I first came across the work of quilt artist Susan Lenz-Dingman through another blogging needle friend and her sister, Wanda Lenz of Wanda's World (Wanda lives in Germany.)
She engages in many innovative and compelling techniques like her stained glass art series and her grave rubbing art quilts.
But it is her Decision Portraits series that captivates me the most.
Susan's intent is to portray important, everyday decisions. There is no judgment in her work, she merely wants to document the decision made. She uses a xylene transfer method on tea-stained muslin designed to give the quilt a newspaper look. The result shows a specific person but also suggests others in the same situation. Each work is suppose to be both individual and universal.
And I was blown away by how effective this artistic method is when I had a very strong personal and emotional response to this portrait...(read more about it here)
Many of you know that I lost my Mom to acute leukemia two years ago. She was 70 years old.
When I saw this portrait of this woman who had survived aggressive treatment, I was moved by her story and delighted for her outcome.
But I found myself scrolling down through all of the other portraits, searching for the alternate decision...for the person who either chose aggressive treatment and died because of it or for the person who refused further treatment and let life takes its own course.
I didn't see either one. So I contacted Susan and asked her if she would be interested in stitching a portrait of someone who refused further treatment.
You see, my mother went through two 6-week in-hospital stays -- with only a one week break in between-- on the Hepa Filter unit for leukemia patients at the Sidney Kimmel Cancer Center at Johns Hopkins Hospital. My mother's diagnosis was very dire. She had about one year to live with a 50% chance of extending her life if she chose to participate in a clinical trial that gave her the best chance for remission.
At first, her answer was "ok. yes, of course" because the diagnosis was new to her, she hadn't had time to process what it all meant and, of course, she wanted to live...to live to see her granddaughters and grandson grow up...to still be part of her family.
During the first six weeks of treatment, they used chemotherapy to kill off all of the bad cells and the good cells within her bone marrow...and then we waited for her good cells to begin to grow back. It was miserable for her. After all, it had had only been one week from the time of her initial diagnosis at her annual doctor's check-up in Florida to her first inpatient stay at Hopkins. And then she was almost killed by the aggressive treatment...weakened, loss of sleep, sick, loss of appetite, loss of hair...misery.

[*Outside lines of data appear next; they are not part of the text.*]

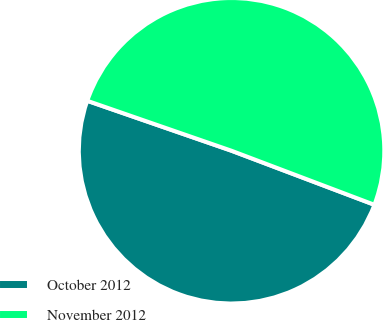Convert chart. <chart><loc_0><loc_0><loc_500><loc_500><pie_chart><fcel>October 2012<fcel>November 2012<nl><fcel>49.55%<fcel>50.45%<nl></chart> 
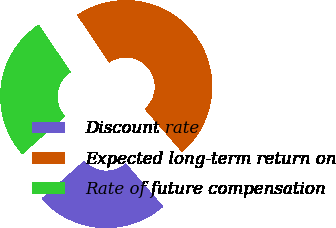<chart> <loc_0><loc_0><loc_500><loc_500><pie_chart><fcel>Discount rate<fcel>Expected long-term return on<fcel>Rate of future compensation<nl><fcel>24.8%<fcel>48.05%<fcel>27.15%<nl></chart> 
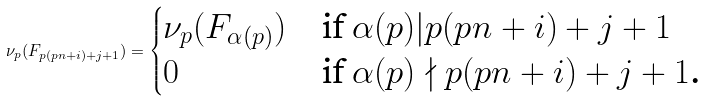<formula> <loc_0><loc_0><loc_500><loc_500>\nu _ { p } ( F _ { p ( p n + i ) + j + 1 } ) = \begin{cases} \nu _ { p } ( F _ { \alpha ( p ) } ) & \text {if $\alpha(p) | p (p n + i) + j + 1$} \\ 0 & \text {if $\alpha(p) \nmid p (p n + i) + j + 1$.} \end{cases}</formula>

Because of the lack of white blood cells, she was totally at risk for infections and had to be in completely sterile environment throughout the course of her treatment. Which meant she had limited visitors and was unable to see her friends or grandchildren.
When she began to feel better, they told her she could go home for a week but that she had to come back again for another six weeks of treatment. She groaned. She wept. She left the hospital and went back to Florida...got her affairs in order...had a week of freedom. And then returned to the hospital, where she was almost killed for the second time.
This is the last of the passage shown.